Posso dire la mia opinione in merito? Beh, molti la conoscono. In linea di principio questa cosa non si allontana di molto da ciò che vado predicando da tempo e cioè che il sito web inteso come struttura software e grafica costerà sempre meno, anche meno di mille Euro. Oggi, volendo, con JOOMLA e WORDPRESS e un buon template te la cavi, aggiungendo un discreto hosting anche con 500 Euro scialacquando molto. Non hai nemmeno bisogno di attendere gli sviluppi operativi e commerciali dell’accordo SEAT-GOOGLE se è per questo. Da questo punto di vista, le webagencies dovranno mettersi il cuore in pace perchè saranno dolori a prescindere. Questa è la conseguenza di tutta una serie di comportamenti anche eticamente scorretti, che le webagencies hanno messo in atto nei confronti dei clienti per anni vendendo fumo o servizi e prodotti scadenti per decine di migliaia di Euro. Prima o poi il mercato si ribella e tenta di equilibrarsi.
E’ indubbio e lo dico ormai da anni che l’asse di competenza delle webagencies debba spostarsi più sulla capacità di produzione di contenuti. C’è ben poco da fare e da dire. Drogare il mercato, limitarlo ad ingressi “fastidiosi” da parte di chi ha capacità economiche rilevanti, difendere interessi particolari, non è la soluzione. Non possiamo predicare la meritocrazia se poi abbiamo paura di metterci in gioco anche nei confronti di chi è molto più forte di noi. SEAT PAGINE GIALLE si dichiara essere la più grande webagency d’Italia e per certi versi lo è. Ma è un gigante dai piedi d’argilla se spostiamo il campo di battaglia sulla produzione di contenuti e sulla qualità. Se continuiamo a pensare al sito web come ad uno strumento da vendere come fosse un prodotto da banco degli insaccati e non usciamo dalla logica del sito web al metro quadro, difficilmente potremo farcela. SEAT produce i famosi “visual site” per chi è a conoscenza della cosa e si può rendere conto facilmente di come anche da parte di GOOGLE diventa pressochè impossibile fornire servizi ad hoc per clienti un po’ più smaliziati e pretenziosi.

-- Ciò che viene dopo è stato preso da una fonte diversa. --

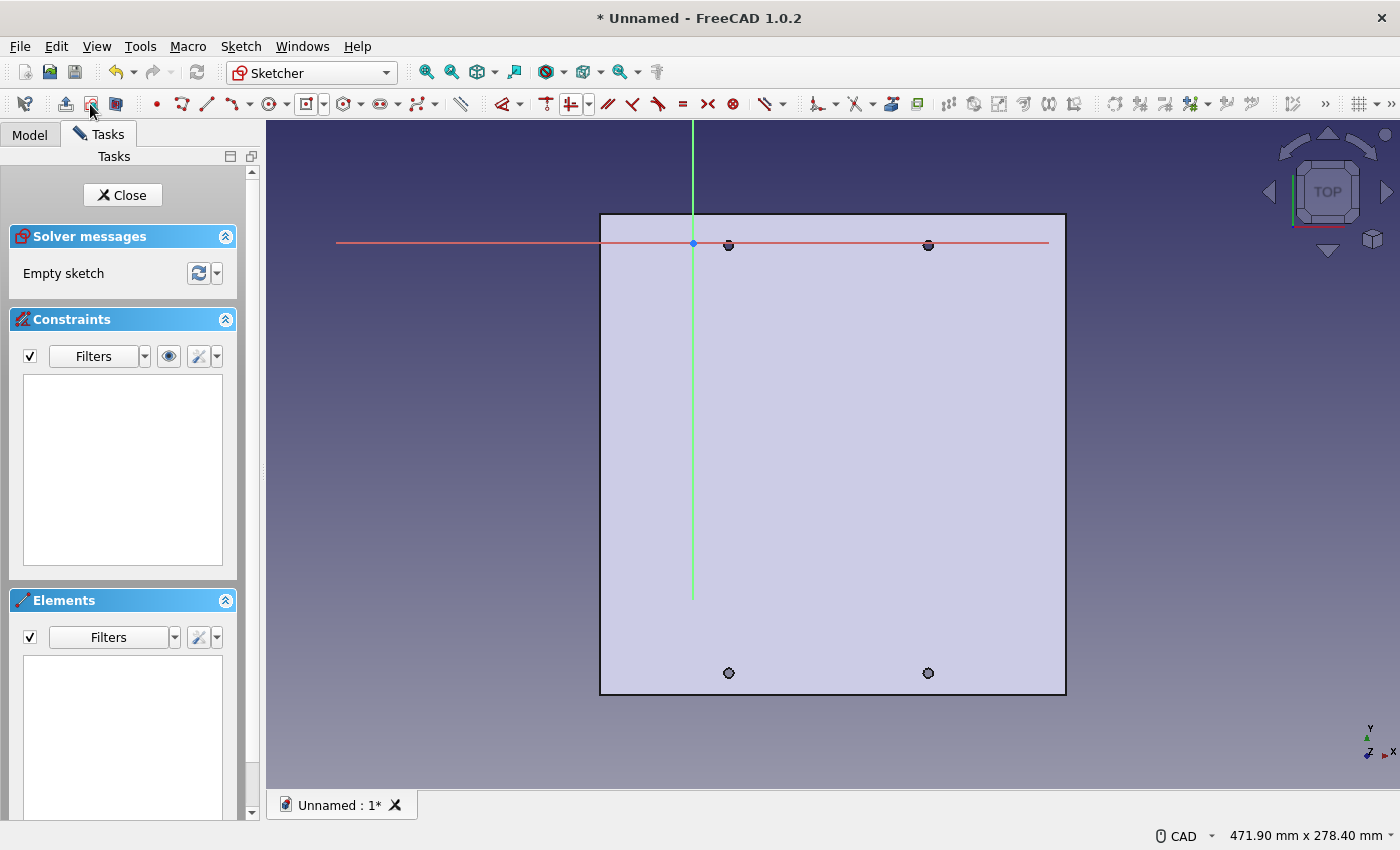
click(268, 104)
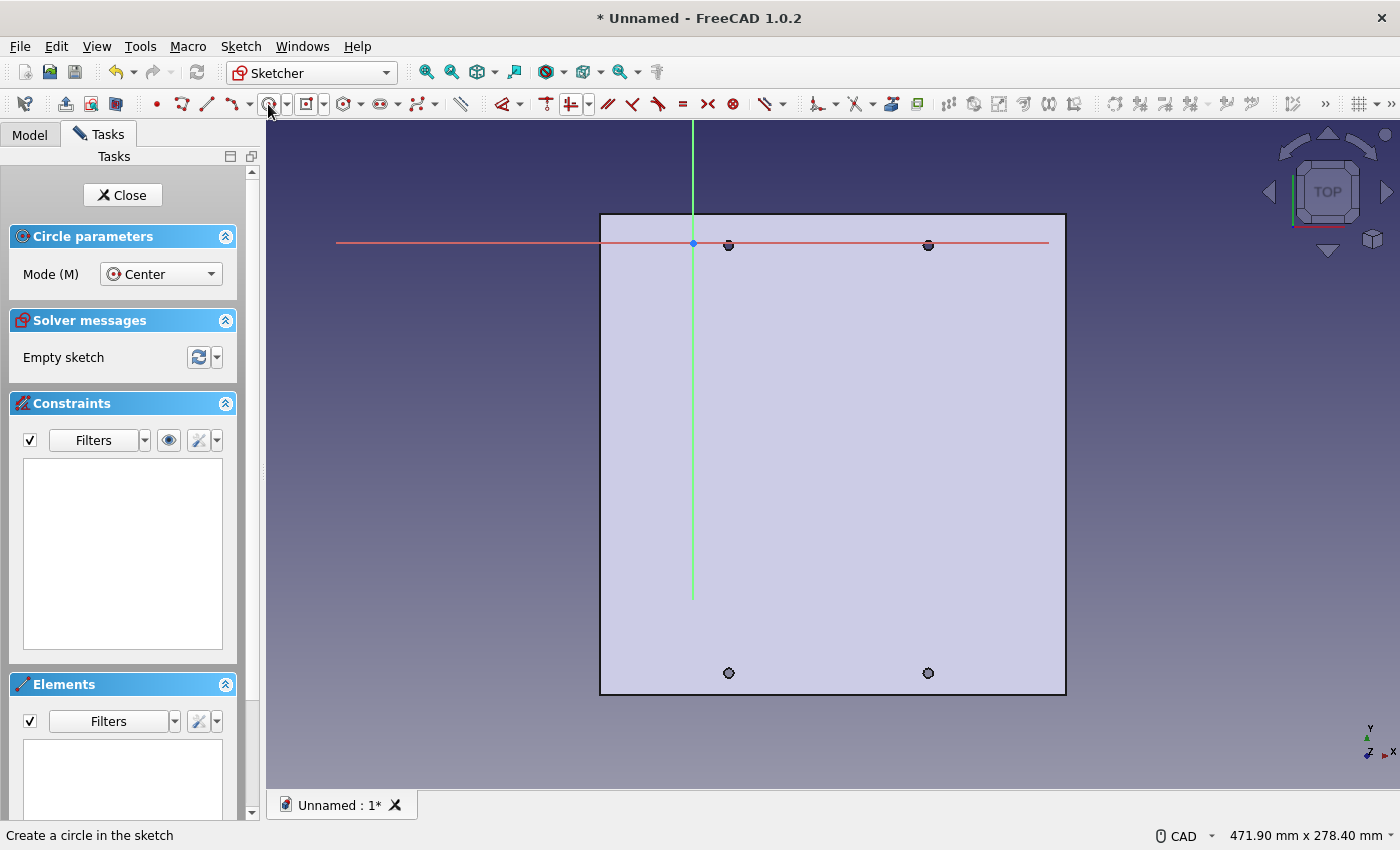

In fin dei conti, il sito web sarà la parte meno importante di una campagna di comunicazione online di un’azienda. E per sito web intendo quelli che l’accordo economico tra SEAT PAGINE GIALLE e GOOGLE intende partorire. Alla fine, il contenuto, che è la parte più difficile e importante da produrre, dovrà sciropparsela comunque il cliente. A meno che non inventano anche il copywriting e il creativo al metro quadro e mi pare piuttosto difficile. Se poi consideriamo che persino GOOGLE stessa dice ormai da anni (e finalmente i SEO si sono allineati) che per dare lustro e visibilità ad un sito è necessario lavorare sulla qualità e l’originalità dei contenuti.
Quindi, che paura c’è? Se sei una webagency “con le palle” che sa fare bene il suo mestiere e lo fai con cognizione di causa e senso etico, non ci saranno problemi di sorta. Se sei uno smanettone “che ci capisce di computer” come dicono dalle mie parti, preparati a cambiare aria e mestiere. Selezione naturale, finalmente!
Io invece devo dire che nelle dichiarazioni e intenzioni roboanti dei due colossi ci vedo del marcio. SEAT è un pozzo di debiti per via del fatto che è stata acquistata con il leverage finanziario. SEAT ha bisogno non solo di produrre profitti ma di rifinanziare il debito perchè prima o poi le banche chiederanno di rientrare. Uno dei punti interessanti di SEAT è quello del flusso di cassa, quel contante fresco che entra ogni giorno grazie al certosino lavoro dei venditori e alla pazienza (evito un termine più forte) dei clienti che pagano regolarmente ogni anno la propria quota per i servizi resi. Servizi tra l’altro che cominciano a essere pure obsoleti. Tanti micropagamenti che entrano ogni giorno rendono la polpetta SEAT meno amara. Si riducono i costi, si riduce il personale, si riducono le provvigioni per i venditori, si restringono le aree di vendita e il numero dei venditori stessi per risparmiare all’osso dove si può. Ma meno venditori, meno vendite. Allora che fare? Semplice, si calano le braghe e ci si “affilia” a chi è finanziariamente forte, come GOOGLE per fare CO-Branding con un marchio che ispira fiducia e si prova a picchiare duro là dove nemmeno le webagencies sono riuscite ad entrare e cioè nelle PMI che ancora oggi non hanno un sito web. Così si aumenta il cash-flow e si prova a risalire la china.
Che SEAT possa riuscire in questa operazione è un dilemma. Secondo me no, visto appunto che il focus si sta spostando sulla produzione e DIFFUSIONE anche viralizzata (con i social networks) di contenuti fatti come Dio comanda.
Quindi care webagencies, fuori le palle e non abbiate paura. Pensate alle migliaia di dipendenti SEAT invece che vedono il proprio futuro molto incerto.








Messaggio ricevuto forte e chiaro
1. Alle web agency: datevi da fare, lavorate onestamente e non vendete lucciole per lanterne.
2. Ai clienti: attenzione che non è tutto oro ciò che luccica e gratis spesso costa carissimo
3. A tutti: il business non è più sul sito internet e ci vogliono contenuti sempre freschi.
Hai praticamente detto tutto in un post.
Il “tanto al Kg.” esisterà sempre e tranne alcuni brand e settori che ne sono al riparo per loro strategia ( Apple, Ducati, Ferrari, Tod’s ) influenza all’inizio in modo significativo le scelte d’acquisto.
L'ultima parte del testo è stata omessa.